Activity:
Reproduction of part of the material below, pictures omitted: copy exactly, and only, the lines starting with the one with "Could you give" and going on through the one with "Can you describe".

Given data:
---------------

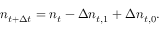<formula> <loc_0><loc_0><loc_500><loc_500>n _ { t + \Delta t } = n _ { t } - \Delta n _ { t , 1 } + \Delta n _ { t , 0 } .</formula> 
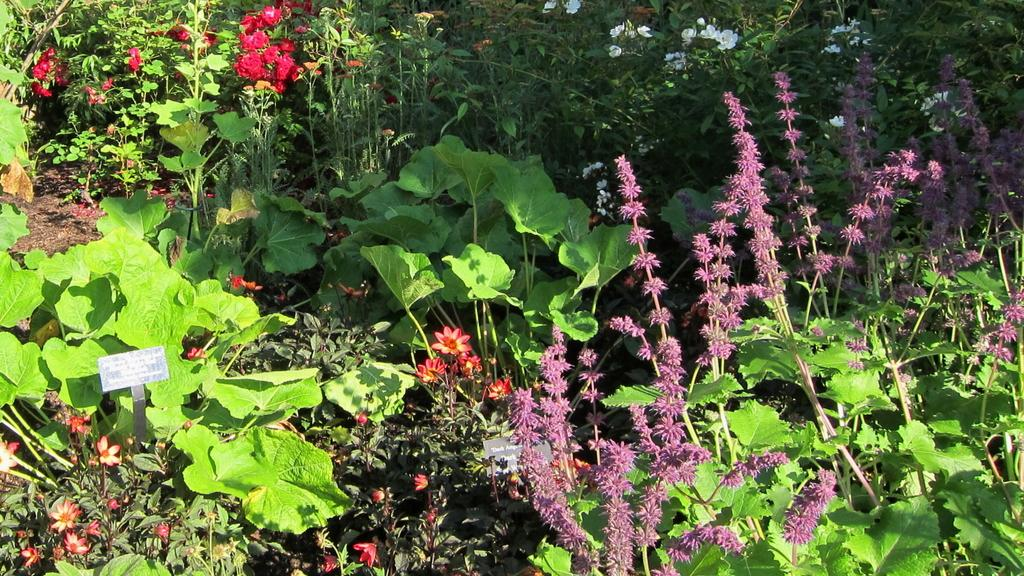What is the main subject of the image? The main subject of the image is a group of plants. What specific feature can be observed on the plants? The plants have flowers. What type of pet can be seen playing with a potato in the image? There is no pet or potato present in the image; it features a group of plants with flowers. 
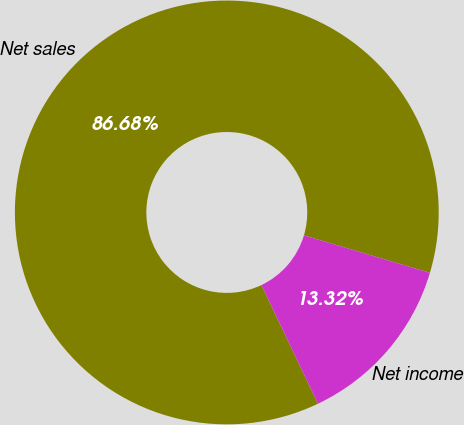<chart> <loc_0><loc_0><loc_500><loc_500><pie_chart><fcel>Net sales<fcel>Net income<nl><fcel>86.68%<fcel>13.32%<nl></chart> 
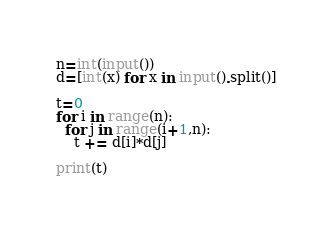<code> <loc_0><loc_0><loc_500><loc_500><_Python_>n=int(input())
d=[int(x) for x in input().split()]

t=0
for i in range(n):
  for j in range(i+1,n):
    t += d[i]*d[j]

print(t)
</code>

---------------

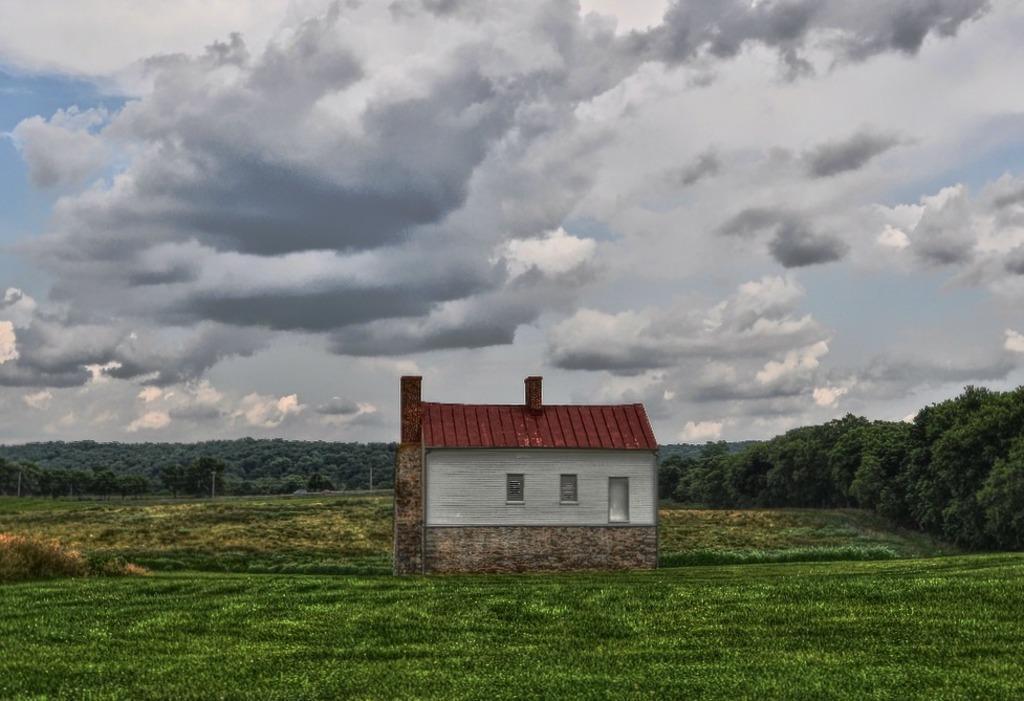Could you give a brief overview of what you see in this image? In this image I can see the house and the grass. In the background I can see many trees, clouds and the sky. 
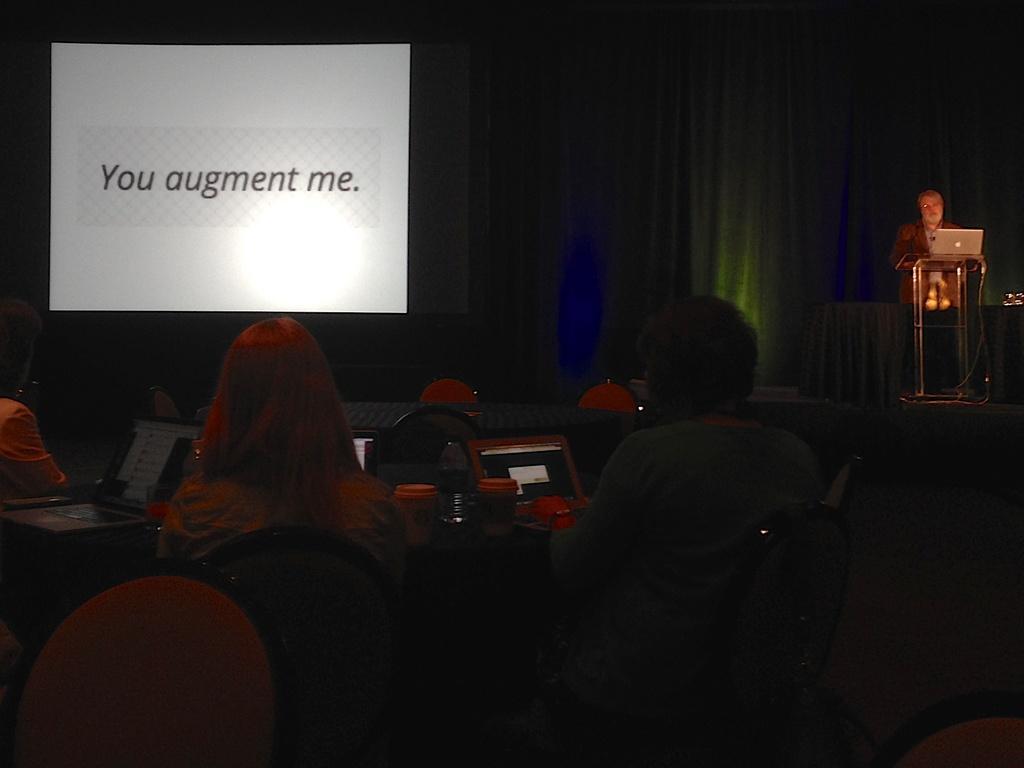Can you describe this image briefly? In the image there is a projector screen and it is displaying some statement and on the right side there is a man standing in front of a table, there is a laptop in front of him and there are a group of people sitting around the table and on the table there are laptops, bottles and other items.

---------------

Answer below:
Could you give a brief overview of what you see in this image? In this image I can see the house and the grass. In the background I can see many trees, clouds and the sky. 
Can you describe this image briefly? In the image there is a projector screen and it is displaying some statement and on the right side there is a man standing in front of a table, there is a laptop in front of him and there are a group of people sitting around the table and on the table there are laptops, bottles and other items.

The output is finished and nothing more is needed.